Structure Template (1.5–2 pages)

Text Only
\section{Discussion}

% 1. Summary of main findings (1 paragraph)
%    Synthesize — don't restate. "Three key findings emerge…"

% 2. Theoretical implications (2-3 paragraphs)
%    How do results advance, refine, or challenge existing theory?
%    Which mechanisms are supported by the evidence?
%    CRITICAL: What does this finding teach us beyond the specific setting?
%    If the finding implies something about a broader market, institution,
%    or behavior, this is the paper's most important contribution and must
%    be prominently discussed.

% 3. Practical implications (1-2 paragraphs)
%    Concrete, proportional to evidence.
%    Who should care and what should they do differently?

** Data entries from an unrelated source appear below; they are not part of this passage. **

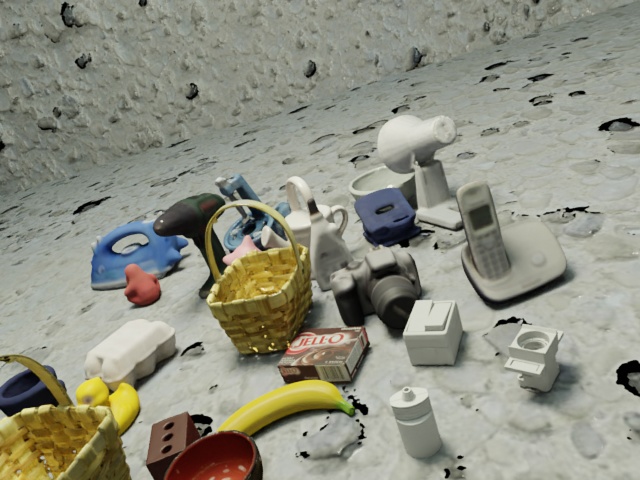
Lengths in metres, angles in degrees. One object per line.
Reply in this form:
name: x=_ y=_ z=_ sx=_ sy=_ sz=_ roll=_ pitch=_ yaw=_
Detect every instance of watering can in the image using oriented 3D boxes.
watering can: x=-0.027 y=-0.027 z=1.098 sx=0.100 sy=0.194 sz=0.173 roll=6 pitch=33 yaw=43

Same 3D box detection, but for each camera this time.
camera: x=0.093 y=0.078 z=0.895 sx=0.143 sy=0.101 sz=0.136 roll=-18 pitch=23 yaw=0

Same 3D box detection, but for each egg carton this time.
egg carton: x=-0.322 y=0.196 z=0.979 sx=0.107 sy=0.069 sz=0.150 roll=-1 pitch=29 yaw=35

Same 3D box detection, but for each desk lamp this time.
desk lamp: x=0.225 y=-0.151 z=1.165 sx=0.118 sy=0.214 sz=0.202 roll=-28 pitch=25 yaw=-22

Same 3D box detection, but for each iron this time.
iron: x=-0.455 y=0.026 z=1.364 sx=0.258 sy=0.142 sz=0.118 roll=-16 pitch=23 yaw=5

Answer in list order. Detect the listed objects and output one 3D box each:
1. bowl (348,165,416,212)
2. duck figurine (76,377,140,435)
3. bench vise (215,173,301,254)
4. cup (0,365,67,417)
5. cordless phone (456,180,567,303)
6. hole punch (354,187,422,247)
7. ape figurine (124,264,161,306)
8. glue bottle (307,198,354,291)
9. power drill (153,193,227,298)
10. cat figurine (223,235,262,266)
bowl: x=0.152 y=-0.111 z=1.307 sx=0.167 sy=0.075 sz=0.167 roll=-15 pitch=23 yaw=7
duck figurine: x=-0.325 y=0.244 z=0.852 sx=0.077 sy=0.086 sz=0.105 roll=-2 pitch=28 yaw=33
bench vise: x=-0.138 y=-0.054 z=1.208 sx=0.121 sy=0.220 sz=0.208 roll=-4 pitch=27 yaw=30
cup: x=-0.428 y=0.256 z=0.890 sx=0.117 sy=0.095 sz=0.092 roll=-10 pitch=25 yaw=19
cordless phone: x=0.277 y=-0.011 z=0.851 sx=0.147 sy=0.185 sz=0.094 roll=-22 pitch=24 yaw=-9
hole punch: x=0.136 y=-0.048 z=1.157 sx=0.109 sy=0.091 sz=0.101 roll=-22 pitch=23 yaw=-8
ape figurine: x=-0.388 y=0.092 z=1.230 sx=0.078 sy=0.092 sz=0.076 roll=-29 pitch=25 yaw=-24
glue bottle: x=0.009 y=0.004 z=1.030 sx=0.078 sy=0.173 sz=0.037 roll=-20 pitch=23 yaw=-4
power drill: x=-0.238 y=0.007 z=1.160 sx=0.075 sy=0.209 sz=0.230 roll=-10 pitch=24 yaw=18
cat figurine: x=-0.116 y=0.048 z=1.095 sx=0.127 sy=0.118 sz=0.067 roll=-2 pitch=28 yaw=33

% 4. Limitations (1-2 short paragraphs, 150-300 words total)
%    Scope conditions, data constraints, threats to external validity.
%    For each limitation, explain why it does not invalidate the core result.
%    MAXIMUM 3-4 limitations. Written as flowing prose, NOT as a numbered
%    or bulleted list.

% 5. Future research (1 short paragraph, 100-150 words)
%    2-3 specific research questions that follow from your findings.
%    Written as prose, NOT as a list. Keep it tight.

Formatting — MANDATORY

The entire discussion section must be written as flowing prose paragraphs. No bullet points. No numbered lists. No enumerated items. This includes limitations and future research subsections.

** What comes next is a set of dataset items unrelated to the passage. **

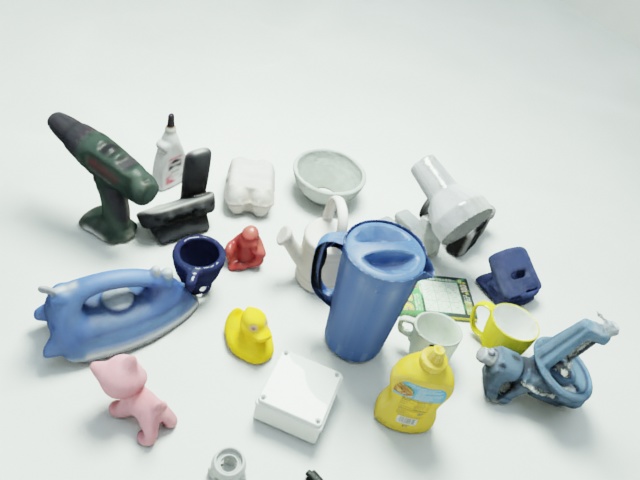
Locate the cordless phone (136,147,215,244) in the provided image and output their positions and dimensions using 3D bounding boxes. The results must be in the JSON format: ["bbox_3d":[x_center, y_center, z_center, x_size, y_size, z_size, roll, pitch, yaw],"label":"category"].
[{"bbox_3d":[-0.271,-0.095,1.090,0.148,0.185,0.094,-25,56,-35],"label":"cordless phone"}]

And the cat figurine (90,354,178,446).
[{"bbox_3d":[-0.265,0.215,0.820,0.127,0.118,0.067,32,46,17],"label":"cat figurine"}]

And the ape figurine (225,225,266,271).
[{"bbox_3d":[-0.138,0.010,1.087,0.077,0.092,0.076,23,44,8],"label":"ape figurine"}]

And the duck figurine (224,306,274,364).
[{"bbox_3d":[-0.115,0.145,0.958,0.078,0.086,0.104,-23,55,-33],"label":"duck figurine"}]

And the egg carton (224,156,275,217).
[{"bbox_3d":[-0.150,-0.118,1.233,0.107,0.069,0.150,6,44,-10],"label":"egg carton"}]

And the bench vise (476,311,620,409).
[{"bbox_3d":[0.375,0.203,0.937,0.208,0.220,0.121,-1,45,-17],"label":"bench vise"}]

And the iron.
[{"bbox_3d":[-0.315,0.093,0.915,0.259,0.141,0.118,-14,50,-28],"label":"iron"}]

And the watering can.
[{"bbox_3d":[0.010,0.005,1.058,0.173,0.194,0.100,-16,51,-29],"label":"watering can"}]

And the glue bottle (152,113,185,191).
[{"bbox_3d":[-0.309,-0.186,1.182,0.037,0.173,0.078,32,46,18],"label":"glue bottle"}]

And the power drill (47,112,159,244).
[{"bbox_3d":[-0.396,-0.102,1.045,0.229,0.208,0.076,28,45,13],"label":"power drill"}]

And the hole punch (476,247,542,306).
[{"bbox_3d":[0.394,0.077,1.168,0.109,0.091,0.101,-14,50,-27],"label":"hole punch"}]

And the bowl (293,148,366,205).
[{"bbox_3d":[0.016,-0.129,1.287,0.167,0.075,0.167,8,43,-7],"label":"bowl"}]

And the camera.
[{"bbox_3d":[0.302,-0.057,1.274,0.136,0.101,0.143,34,46,19],"label":"camera"}]

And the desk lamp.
[{"bbox_3d":[0.228,-0.053,1.166,0.118,0.213,0.202,-21,53,-32],"label":"desk lamp"}]

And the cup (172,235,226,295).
[{"bbox_3d":[-0.216,0.062,1.009,0.092,0.095,0.117,10,43,-6],"label":"cup"}]

If a limitation or future research direction deserves mention, it gets woven into a paragraph. If it cannot be woven in, it is probably not important enough to include.

Common Mistakes and Fixes

Mistake Fix
"Our results show that X has a significant effect on Y" (restating) "The responsiveness of Y to X implies that market participants…" (interpreting)
"This has important implications for policy" (generic) "Exchanges could reduce wash trading by implementing X, since our evidence shows…" (specific)
"More research is needed" (vague) "A natural next step is to test whether this pattern holds in markets with…" (specific)
"A limitation is that our data only covers 2020-2023" (defensive) "Our sample covers 2020-2023, capturing the full NFT boom-bust cycle; extending to later periods would test persistence" (constructive)
"Despite these limitations, our results are robust" (hand-waving) [Delete this sentence — the Robustness section already made this case]
Numbered or bulleted limitations list Write as connected prose paragraphs
500+ word limitations section Keep to 150-300 words, 3-4 key scope conditions
Generic future research wish list 1 paragraph, 2-3 specific questions, 100-150 words

IS / Management Science Conventions

  • Explicit theoretical contribution: State which propositions/hypotheses from your model are supported and which need refinement.
  • Design implications: If studying a designed system (marketplace, protocol, mechanism), translate findings into design principles.
  • Generalizability: Explicitly discuss which settings your results transfer to and which contextual factors moderate the effects.
  • Boundary conditions: State the conditions under which your theory applies. Good theory has clear boundaries.